When do the Rules Apply? Are Litigants in Person Always to be Held to the Same Standards as Represented Parties Following Barton v Wright Hassall?

In the well-publicised case of Barton v Wright Hassall LLP [2018] UKSC 12, Lord Sumption, with whom Lord Wilson and Lord Carnwarth agreed (Lady Hale and Lord Briggs dissenting), stated:

“The rules provide a framework within which to balance the interest of both sides. That balance is inevitably disturbed if an unrepresented litigant is entitled to greater indulgence in complying with them than his represented opponent. Any advantage enjoyed by a litigant in person imposes a corresponding disadvantage on the other side, which may be significant if it affects the latter’s legal rights, under the Limitation Acts for example. Unless the rules and practice directions are particularly inaccessible or obscure, it is reasonable to expect a litigant in person to familiarise himself with the rules which apply to any step which he is about to take.”

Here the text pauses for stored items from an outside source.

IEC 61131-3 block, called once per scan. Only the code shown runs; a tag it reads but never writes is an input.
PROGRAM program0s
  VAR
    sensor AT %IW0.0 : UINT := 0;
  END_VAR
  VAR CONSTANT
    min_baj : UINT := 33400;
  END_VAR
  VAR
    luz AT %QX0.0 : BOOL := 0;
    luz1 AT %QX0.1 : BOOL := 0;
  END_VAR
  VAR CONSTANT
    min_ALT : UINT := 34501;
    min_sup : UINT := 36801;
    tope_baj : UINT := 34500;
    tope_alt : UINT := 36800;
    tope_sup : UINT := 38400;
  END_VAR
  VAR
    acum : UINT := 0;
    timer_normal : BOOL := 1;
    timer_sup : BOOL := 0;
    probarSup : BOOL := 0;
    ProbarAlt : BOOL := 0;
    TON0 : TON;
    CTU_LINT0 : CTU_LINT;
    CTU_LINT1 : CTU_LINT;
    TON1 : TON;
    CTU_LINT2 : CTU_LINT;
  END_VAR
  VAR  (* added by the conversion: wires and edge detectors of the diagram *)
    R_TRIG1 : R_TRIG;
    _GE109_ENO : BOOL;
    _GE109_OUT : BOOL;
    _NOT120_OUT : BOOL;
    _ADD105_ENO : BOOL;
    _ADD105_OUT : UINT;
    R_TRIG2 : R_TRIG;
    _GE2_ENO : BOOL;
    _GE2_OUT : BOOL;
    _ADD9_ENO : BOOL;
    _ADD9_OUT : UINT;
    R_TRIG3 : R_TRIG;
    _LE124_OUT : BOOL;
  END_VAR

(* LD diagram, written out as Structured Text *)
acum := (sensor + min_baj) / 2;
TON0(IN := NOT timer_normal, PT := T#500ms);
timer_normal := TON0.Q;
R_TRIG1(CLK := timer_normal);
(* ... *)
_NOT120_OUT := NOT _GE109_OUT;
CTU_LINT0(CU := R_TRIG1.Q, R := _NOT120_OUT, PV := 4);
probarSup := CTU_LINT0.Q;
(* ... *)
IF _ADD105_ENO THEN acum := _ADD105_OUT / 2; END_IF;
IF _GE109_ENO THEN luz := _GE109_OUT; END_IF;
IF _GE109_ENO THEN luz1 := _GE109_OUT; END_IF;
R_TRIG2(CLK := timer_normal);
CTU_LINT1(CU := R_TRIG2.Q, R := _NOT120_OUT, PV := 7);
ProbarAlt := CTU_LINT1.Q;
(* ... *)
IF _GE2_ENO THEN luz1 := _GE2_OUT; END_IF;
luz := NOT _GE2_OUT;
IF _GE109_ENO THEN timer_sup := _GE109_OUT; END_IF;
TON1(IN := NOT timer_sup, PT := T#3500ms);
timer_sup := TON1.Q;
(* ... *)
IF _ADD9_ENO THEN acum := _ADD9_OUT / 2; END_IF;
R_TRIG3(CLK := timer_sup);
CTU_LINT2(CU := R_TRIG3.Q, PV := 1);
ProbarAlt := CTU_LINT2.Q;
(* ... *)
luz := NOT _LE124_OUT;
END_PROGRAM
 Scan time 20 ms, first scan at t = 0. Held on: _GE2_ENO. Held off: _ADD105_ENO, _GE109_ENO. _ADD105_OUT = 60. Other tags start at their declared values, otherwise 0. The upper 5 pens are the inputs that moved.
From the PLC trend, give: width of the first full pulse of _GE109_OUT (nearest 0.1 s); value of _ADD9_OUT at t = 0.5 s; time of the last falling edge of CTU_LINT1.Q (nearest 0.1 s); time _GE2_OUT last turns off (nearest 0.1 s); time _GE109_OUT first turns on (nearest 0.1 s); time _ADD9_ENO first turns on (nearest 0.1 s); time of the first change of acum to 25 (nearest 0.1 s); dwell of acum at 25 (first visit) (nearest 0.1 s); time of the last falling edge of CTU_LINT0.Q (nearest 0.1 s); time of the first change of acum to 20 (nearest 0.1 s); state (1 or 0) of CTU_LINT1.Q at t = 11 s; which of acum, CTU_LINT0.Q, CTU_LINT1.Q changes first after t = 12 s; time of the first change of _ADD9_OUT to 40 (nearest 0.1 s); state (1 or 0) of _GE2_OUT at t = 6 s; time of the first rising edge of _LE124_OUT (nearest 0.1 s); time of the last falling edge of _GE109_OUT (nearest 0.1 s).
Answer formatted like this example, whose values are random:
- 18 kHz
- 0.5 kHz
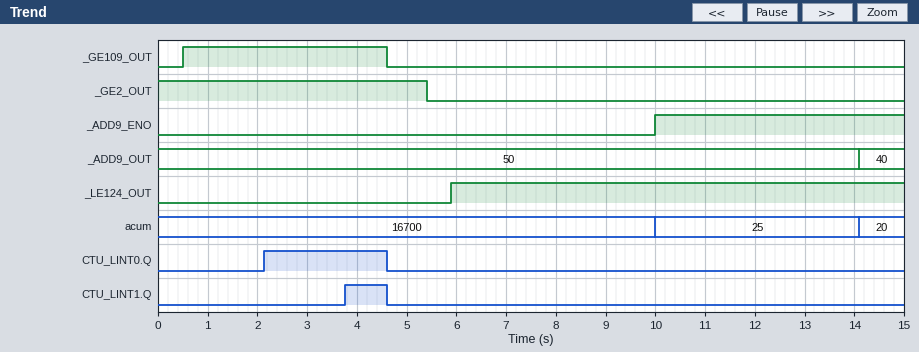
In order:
- 4.1 s
- 50
- 4.6 s
- 5.4 s
- 0.5 s
- 10.0 s
- 10.0 s
- 4.1 s
- 4.6 s
- 14.1 s
- 0
- acum
- 14.1 s
- 0
- 5.9 s
- 4.6 s
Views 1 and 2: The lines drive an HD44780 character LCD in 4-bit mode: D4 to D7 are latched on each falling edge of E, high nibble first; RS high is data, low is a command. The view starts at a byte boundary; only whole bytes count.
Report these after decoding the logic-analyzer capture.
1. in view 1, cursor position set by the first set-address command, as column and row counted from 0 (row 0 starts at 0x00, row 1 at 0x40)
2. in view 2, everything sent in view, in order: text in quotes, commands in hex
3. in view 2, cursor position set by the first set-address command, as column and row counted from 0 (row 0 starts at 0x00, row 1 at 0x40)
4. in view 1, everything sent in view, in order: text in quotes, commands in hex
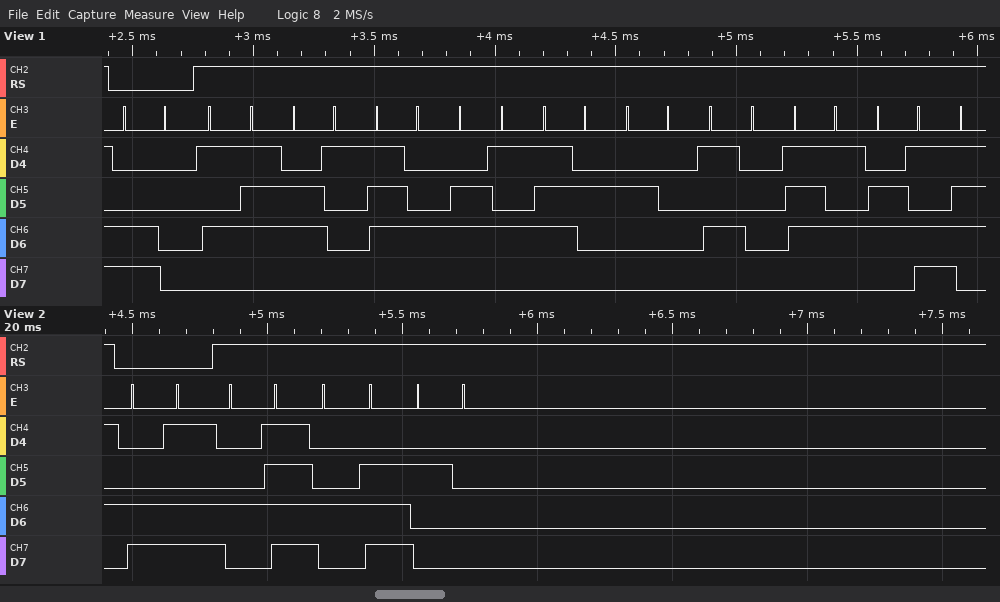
column 0, row 1
0xCD "ON "
column 13, row 1
0xC0 "Water Pum"
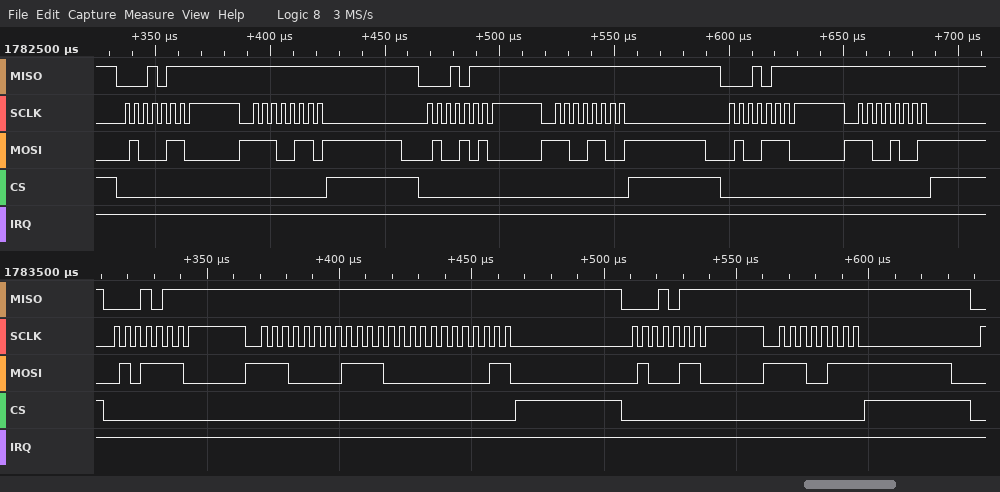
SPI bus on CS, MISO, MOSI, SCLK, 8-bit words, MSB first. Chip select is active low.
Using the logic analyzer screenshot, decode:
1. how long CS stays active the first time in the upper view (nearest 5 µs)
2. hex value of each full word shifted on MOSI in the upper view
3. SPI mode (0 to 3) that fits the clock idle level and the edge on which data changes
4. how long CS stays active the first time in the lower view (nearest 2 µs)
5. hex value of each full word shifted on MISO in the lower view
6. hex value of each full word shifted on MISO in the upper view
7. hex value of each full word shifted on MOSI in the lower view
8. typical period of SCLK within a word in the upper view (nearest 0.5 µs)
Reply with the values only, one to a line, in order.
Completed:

This was interpreted by many to mean that there was effectively a level playing field between litigants in person and represented parties, however a recent Court of Appeal decision suggests that the issue in question may be slightly more nuanced than initially assumed.

Case Law

In J v K and another (Equality and Human Rights Commission intervening) [2019] EWCA Civ 5 the Appellant had brought proceedings against the Respondent in the Employment Tribunal, such claim having been struck out on the 16th March 2016. Following the Respondent’s application for costs, a judgment and written reasons was sent to the parties on the 19th August 2016 ordering the Appellant to pay the Respondent’s costs in the sum of £20,000.

The Appellant wished to appeal and pursuant to the Employment Appeal Tribunal Rules of Procedure 1993 the deadline for doing so was 4pm 42 days after the reasons were sent, which in this case meant the deadline was 4pm on the 30th September 2016. Five minutes before that deadline, at 3.55pm, the Appellant sent his notice of appeal and related documents to the EAT via email, however due to the size of the attachment the email failed. He then re-sent the documents by way of smaller emails, and they were received by the EAT at around 5pm, thus after the deadline.

The Appellant was therefore notified that he had to apply for an extension, which he did. The application was refused on the papers by the Registrar. The Appellant subsequently appealed and following an oral hearing HHJ Hand QC dismissed the appeal.

Thereafter the Appellant appealed to the Court of Appeal where the issue at hand, was whether the Appellant should be expected to know about the limit of the EAT’s email server. The issue of the server’s limit is addressed in an HMCTS guide on its website entitled ‘I want to appeal to the Employment Appeal Tribunal (T440),’ which states:

“If you use email, the size of any one email, including attachments, should not exceed 10MB. If you attach scanned documents you should check that they do not exceed that size. If they do, you may need to rescan them at lower quality and/or send them in more than one email.”

In addition to being able to review T440 online, parties to an ET decision are routinely sent a covering letter referring them to booklet T426 entitled ‘The Judgment,’ which in turn refers parties to T440. However in this case HHJ Hand QC had made the finding that the Appellant had never received a hard copy of the Judgment and therefore had not received the covering letter referring to the booklets referred to above.

Thus Lord Justice Underhill, with whom Lord Justice Baker and Sir Patrick Elias agreed, stated:

“I am inclined to think that the correct analysis is that the Appellant has provided a satisfactory explanation for missing the deadline, namely his (on the particular facts, reasonable) ignorance of the 10mb limit. But even if the view were taken that he ought to have found T440 for himself, despite not being directed to it, any failing in that regard seems to me to have been venial; and in circumstances where the cause of the problem was the EAT’s own system, and where service was correctly effected within an hour of the deadline, I believe that this is one of those exceptional cases where an extension was required as a matter of justice.”

Moreover Lord Justice Underhill went on to give further guidance as to how the EAT, as opposed to the litigant in person, could improve the situation in future as follows:

“I am bound to say, finally, that if, as the present case and the others to which I have referred suggest, it is common for the EAT server to be unable to cope with quite standard documentation that is not satisfactory. The best thing would obviously be for its capacity to be increased. But unless and until that is done consideration should be given to drawing attention to the problems rather more emphatically than is done at present. In particular:

(a) It might be better if the covering letter accompanying the judgment referred directly to T440 rather than leaving it to be found via T426, and made it clear that it ought to be read.

(b) T440 itself might point out (if this is indeed the case) that the 10mb limit is very easily exceeded if scanned documents are included. As Langstaff P says in Farmer, the problem is not really “highlighted” in the current draft.”


Thus whilst it was hoped that Barton had confirmed that a litigant in person would not be granted the benefit of the doubt, or given any latitude when it comes to complying with court orders it rules, unfortunately it may not be as simple as that. It would therefore appear that one cannot simply assume that the platitude ‘the rules are the rules and they apply to everyone’ applies in each case. It remains important to consider each matter on a fact-specific, case-by-case basis.